India’s crude import bill increased 3.7% during the first nine months of the current fiscal 2024-25 to $102.5 billion against $98.8 billion in the same period in FY24, data from the Petroleum Planning and Analysis Cell showed. The country imported 179.3 million tonnes of crude oil during April to December, up 3.2% from 173.7 million tonnes in the corresponding period of last fiscal.

In December alone, however, the import bill for crude oil declined by almost 6% whereas the volume increased marginally by 1% to 19.9 million tonnes compared to December 2023.

The country’s dependency on import of crude oil during April to December of the current fiscal rose to 88.1%, up from 87.5% in the corresponding period of FY24 amid rising demand and stagnant domestic production.

In the beginning of the fiscal year, ICRA had projected India’s net crude oil import bill to reach $101-104 billion in FY25 from $96.1 billion in FY24 on the back of lower discounts on Russian crude purchase amid rising import dependency.

Now the latest US sanctions on Russia have also posed a threat to India’s crude oil supply which may result in higher cost of the landed crude oil for Indian refiners as they diversify their crude sourcing, likely at a premium to the landed price of Russian crude arriving into India.

Given that global VLCC (very large crude carrier) freight rates have spiked over the past few days, oil sourcing from other countries including the Middle East and the US would further increase freight costs for Indian refiners, as per Xavier Tang, market analyst at Vortexa.

Russia remained the largest crude supplier to India in December accounting for 31% of India’s total crude oil imports. However, imports from the country registered a decline of 13.2% to 1.39 million barrels per day against 1.61 million barrels per day in November, data from Vortexa showed.

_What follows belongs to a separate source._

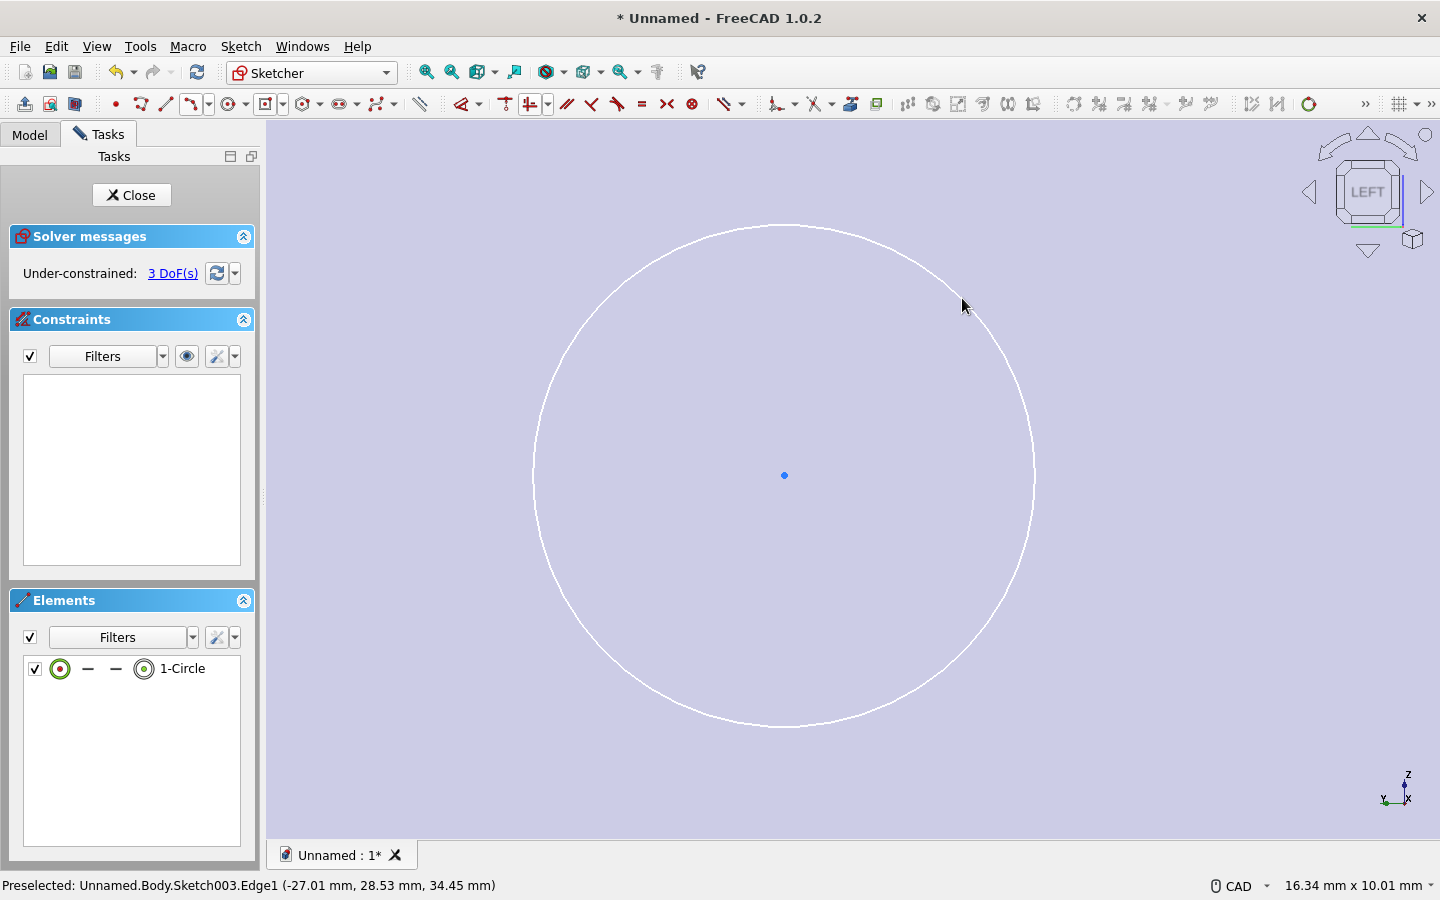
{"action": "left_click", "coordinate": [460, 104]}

Upstream companies produced 21.6 million tonnes of crude oil during the period, slightly down from 22.0 million tonnes in the same period last fiscal. The declining trend in production can be attributed to maturing of the existing oil fields amid lack of new areas of production, as per analysts. In December, production remained muted at 2.5 million tonnes.

Despite the government’s efforts to boost production and reduce dependency on imports, the production has remained stagnant over the last ten years and the country’s dependency on imports has only increased. However, state-run major oil explorer Oil and Natural Gas Corp expects to increase its output in the coming two years with production to start in a clutch of new fields.

In 2023, the company acquired more than 32,000 square kilometers of new acreages, taking the total area to around 180,000 SKM. ONGC expects its acreage to increase to 250,000 SKM once the OALP’s 9th round results are formalised.

With the recent amendments in the Oilfields (Regulation and Development) Act, 1948, the government expects increased participation from the domestic and international players. The amendment broadens the definition of mineral oils which includes any naturally occurring hydrocarbon, coal bed methane, oil shale, shale gas, etc.

Oil minister Hardeep Singh Puri on multiple occasions has said that the government is also constantly engaging with international oil and gas companies to boost domestic output.

Stagnant domestic output and rising import dependency does not bode well for India at a time when the geopolitical tensions are on the rise. However, Indian upstream companies are now more open to overseas investments and venturing to newer locations, according to analysts.